Stepping up to bat: Kari Lake embraces Donald Trump during a campaign rally at the Legacy Sports arena in Mesa, Ariz. (Mario Tama / Getty Images) Despite the signs around the country that rage was bubbling up over abortion restrictions and the increasingly violent, overtly antidemocratic rhetoric coming from the MAGA camp, Arizona remained on a political knife-edge; even seasoned local political observers struggled, in the final weeks of the campaign season, to interpret the data they were receiving. 'To tell you the truth, I'm completely perplexed, nervous about it,' said Brendan Walsh, the executive director of the Phoenix-based organization Worker Power, in late October. An outgrowth of Unite Here Local 11, the union that had played such a key role in flipping Arizona for Joe Biden and capturing two US Senate seats for Democrats in 2020, Worker Power had been on the ground canvassing and talking with working-class voters for months. 'I feel good about Mark Kelly winning,' Walsh said, but then sounded a note of caution: 'There's no reason to think it will all go one way. It can be all over the place. The polling is very close in all of them.' In 2020, Arizona went for Biden by a 10,000-vote margin. The result sent Trump and his acolytes into paroxysms of rage and ultimately led to the much-derided Maricopa County 'audit.' Two years later, with the state's GOP primary voters having plunged the party into the realm of QAnon madness, none of the wounds of 2020 have fully scabbed over. The trio of candidates for top statewide offices—Lake, the charismatic onetime Fox News anchor, for governor; Abe Hamadeh for attorney general; and Mark Finchem for secretary of state—were all election deniers who'd pledged to use the power of their office to ensure Republican victories in closely contested races. 'The GOP governor's candidate is talking about nothing but the supposedly stolen election and culture war issues,' said Tom Prezelski, who served as a Democratic state House member from 2003 to ‘09 and is now an author and political analyst. 'The Democratic candidate is talking about water issues and people's actual problems and governing, whereas Kari Lake is mostly about grievances.' Meanwhile, Hamadeh has presided over campaign rallies at which his supporters chant 'Lock them up!' in reference to Maricopa County election officials.
Many moderate Republicans, including John Giles, the mayor of Mesa—who boasts that it's one of the most populous cities in the United States with a Republican mayor—joined liberals in seeing the Lake-Hamadeh-Finchem combo as an unprecedented threat to the functioning of American democracy. Giles had very publicly endorsed Katie Hobbs, the Democratic gubernatorial candidate, as well as Mark Kelly. He worried that if Lake were elected, there would be no brakes on an increasingly extreme GOP caucus in the state Legislature, and he feared what her election would mean for the future of fair political competition in his state. 'Silence is not an option in this election,' he said. 'Silence is acquiescence.' In the final weeks of the campaign, outgoing Wyoming Representative Liz Cheney came to Arizona to stump for Democrats and against the election-denying troika of GOP hopefuls.
'American democracy runs through the state of Arizona in ‘22. You can't put it any other way,' said Kris Mayes, a onetime Republican who quit the party in disgust during Trump's presidency and was now running for attorney general as a Democrat.
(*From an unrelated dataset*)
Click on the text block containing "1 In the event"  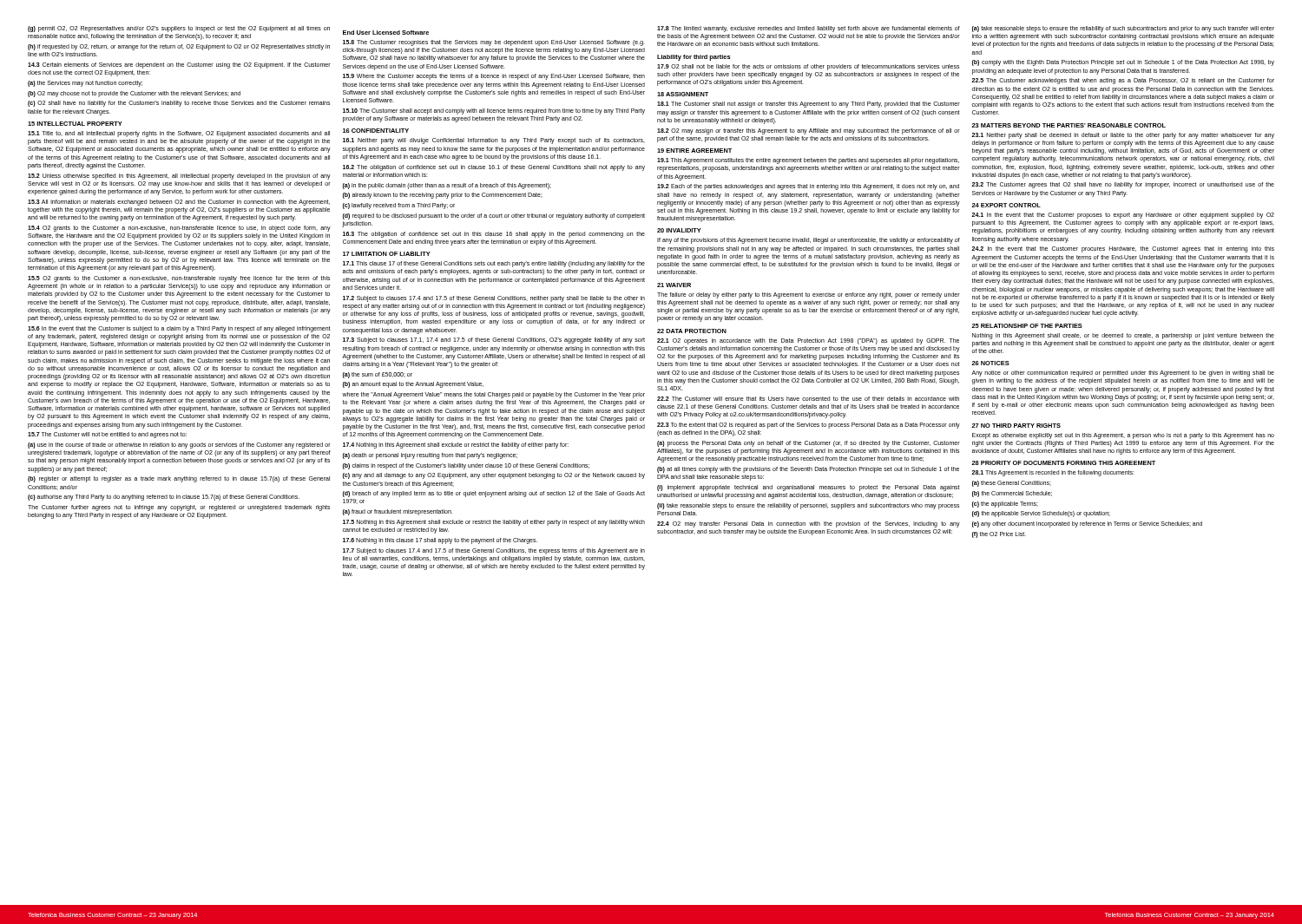1123,227

On the wall in her dining room was a black-and-white photograph from the early '80s showing her and her brother as young children sitting on a cliff atop Mount Whitney. She was, she said proudly, the youngest person in 50 years to reach its summit. Now Mayes wanted her 9-year-old daughter to know one day that her mother had the strength and moral fortitude to leave a GOP that, she believed, had committed itself to a 'hellish road' under the amoral leadership of Donald Trump.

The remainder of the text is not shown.